Umbilical Cord Blood T-Regulatory Cell Infusion Followed by Donor Umbilical Cord Blood Transplant in Treating Patients With High-Risk Leukemia or Other Hematologic Diseases - Full Text View

Purpose

RATIONALE: Giving chemotherapy, such as fludarabine and cyclophosphamide, and total-body irradiation before a donor umbilical cord blood stem cell transplant helps stop the growth of cancer or abnormal cells and prepares the patient's bone marrow for the stem cells. When the healthy stem cells from a donor are infused into the patient they may help the patient's bone marrow make stem cells, red blood cells, white blood cells, and platelets. The donated stem cells may replace the patient's immune cells and help destroy any remaining cancer or abnormal cells (graft-versus-tumor effect). Giving an infusion of the donor's T-regulatory cells before the transplant may help increase this effect. Sometimes the transplanted cells from a donor can make an immune response against the body's normal cells. Giving cyclosporine and mycophenolate mofetil after the transplant may stop this from happening.

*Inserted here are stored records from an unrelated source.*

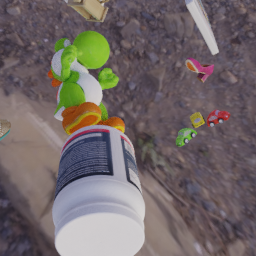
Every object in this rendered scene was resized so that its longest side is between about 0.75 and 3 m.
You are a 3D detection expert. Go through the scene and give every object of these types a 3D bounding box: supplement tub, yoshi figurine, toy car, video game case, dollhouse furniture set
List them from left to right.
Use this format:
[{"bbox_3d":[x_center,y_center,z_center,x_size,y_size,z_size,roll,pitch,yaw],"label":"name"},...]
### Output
[{"bbox_3d":[-0.876,-2.904,5.789,0.585,1.052,0.931,20,88,36],"label":"dollhouse furniture set"},{"bbox_3d":[-0.824,-1.121,5.918,1.552,1.558,2.772,-7,54,-22],"label":"yoshi figurine"},{"bbox_3d":[-0.415,0.870,3.995,1.208,1.208,1.722,-6,34,-3],"label":"supplement tub"},{"bbox_3d":[1.484,-0.029,6.195,1.170,1.244,0.277,-37,100,-16],"label":"toy car"},{"bbox_3d":[1.905,-3.200,7.644,0.219,1.902,1.733,-22,52,26],"label":"video game case"}]

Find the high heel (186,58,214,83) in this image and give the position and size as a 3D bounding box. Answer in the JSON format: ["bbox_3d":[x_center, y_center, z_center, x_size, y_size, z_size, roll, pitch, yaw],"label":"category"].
[{"bbox_3d":[1.707,-1.492,6.535,0.360,1.068,0.512,36,94,43],"label":"high heel"}]

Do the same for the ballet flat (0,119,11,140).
[{"bbox_3d":[-2.713,0.263,4.020,0.722,0.669,2.049,18,45,42],"label":"ballet flat"}]

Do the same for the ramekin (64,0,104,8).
[{"bbox_3d":[-1.048,-3.466,6.575,1.441,1.441,0.671,26,69,12],"label":"ramekin"}]
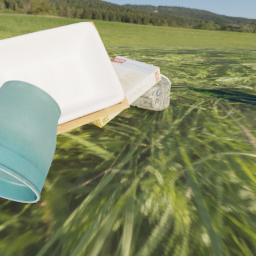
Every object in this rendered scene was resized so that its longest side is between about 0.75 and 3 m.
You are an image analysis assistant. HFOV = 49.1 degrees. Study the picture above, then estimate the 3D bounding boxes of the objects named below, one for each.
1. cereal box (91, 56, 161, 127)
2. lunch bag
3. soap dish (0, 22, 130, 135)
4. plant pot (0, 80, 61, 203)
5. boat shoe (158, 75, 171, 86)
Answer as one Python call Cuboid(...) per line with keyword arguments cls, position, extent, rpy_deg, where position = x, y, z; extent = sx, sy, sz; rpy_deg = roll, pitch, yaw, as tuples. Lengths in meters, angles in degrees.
Cuboid(cls="cereal box", position=(-0.506, -1.171, 8.064), extent=(1.790, 0.492, 2.488), rpy_deg=(27, 55, 38))
Cuboid(cls="lunch bag", position=(0.562, -0.971, 8.552), extent=(1.261, 0.879, 1.058), rpy_deg=(13, 22, 31))
Cuboid(cls="soap dish", position=(-1.648, -0.935, 6.096), extent=(2.799, 2.202, 1.137), rpy_deg=(-22, -5, -22))
Cuboid(cls="plant pot", position=(-1.617, 0.113, 3.859), extent=(1.414, 1.414, 1.329), rpy_deg=(7, 57, 18))
Cuboid(cls="boat shoe", position=(1.022, -1.883, 11.187), extent=(1.749, 0.540, 0.637), rpy_deg=(26, -33, -33))

PURPOSE: This phase I trial is studying the side effects and best dose of umbilical cord blood T-regulatory cell infusion followed by donor umbilical cord blood transplant in treating patients with high-risk leukemia or other hematologic diseases.

Condition	Intervention	Phase
Graft Versus Host Disease Leukemia Lymphoma Multiple Myeloma and Plasma Cell Neoplasm Myelodysplastic Syndromes Secondary Myelofibrosis	Drug: cyclophosphamide Drug: cyclosporine Drug: fludarabine phosphate Drug: mycophenolate mofetil Procedure: Treg cell infusion Procedure: umbilical cord blood transplantation Radiation: total-body irradiation	Phase 1


Study Type:	Interventional
Study Design:	Endpoint Classification: Safety/Efficacy Study Intervention Model: Single Group Assignment Masking: Open Label Primary Purpose: Treatment
Official Title:	Umbilical Cord Blood Transplant With Co-Infusion of T Regulatory Cells

Resource links provided by NLM:

Genetics Home Reference related topics: primary myelofibrosis

MedlinePlus related topics: Blood Disorders Leukemia Multiple Myeloma Myelodysplastic Syndromes

Drug Information available for: Cyclophosphamide Fludarabine Mycophenolic acid Mycophenolate sodium Fludarabine phosphate Mycophenolate mofetil hydrochloride Mycophenolate mofetil

Genetic and Rare Diseases Information Center resources: Acute Lymphoblastic Leukemia Acute Monoblastic Leukemia Acute Myeloblastic Leukemia Type 5 Acute Myelocytic Leukemia Acute Myeloid Leukemia, Adult Acute Non Lymphoblastic Leukemia Anaplastic Large Cell Lymphoma Burkitt Lymphoma Chronic Lymphocytic Leukemia Chronic Myeloid Leukemia Follicular Lymphoma Homologous Wasting Disease Leukemia, B-cell, Chronic Leukemia, Myeloid Lymphoblastic Lymphoma Lymphoma, Large-cell Lymphoma, Large-cell, Immunoblastic Lymphosarcoma Mantle Cell Lymphoma Multiple Myeloma Myelodysplastic Syndromes Myelofibrosis Plasmablastic Lymphoma Small Non-cleaved Cell Lymphoma Squamous Cell Carcinoma of the Head and Neck

U.S. FDA Resources

Further study details as provided by Masonic Cancer Center, University of Minnesota:

Primary Outcome Measures:

Maximum tolerated dose of T-regulatory cells [ Time Frame: Within 24 Hours ] [ Designated as safety issue: Yes ]
Dose limiting toxicities (DLT) are defined as any grade 3-4 toxicity within 24 hours of Treg cell infusion, excluding hematological .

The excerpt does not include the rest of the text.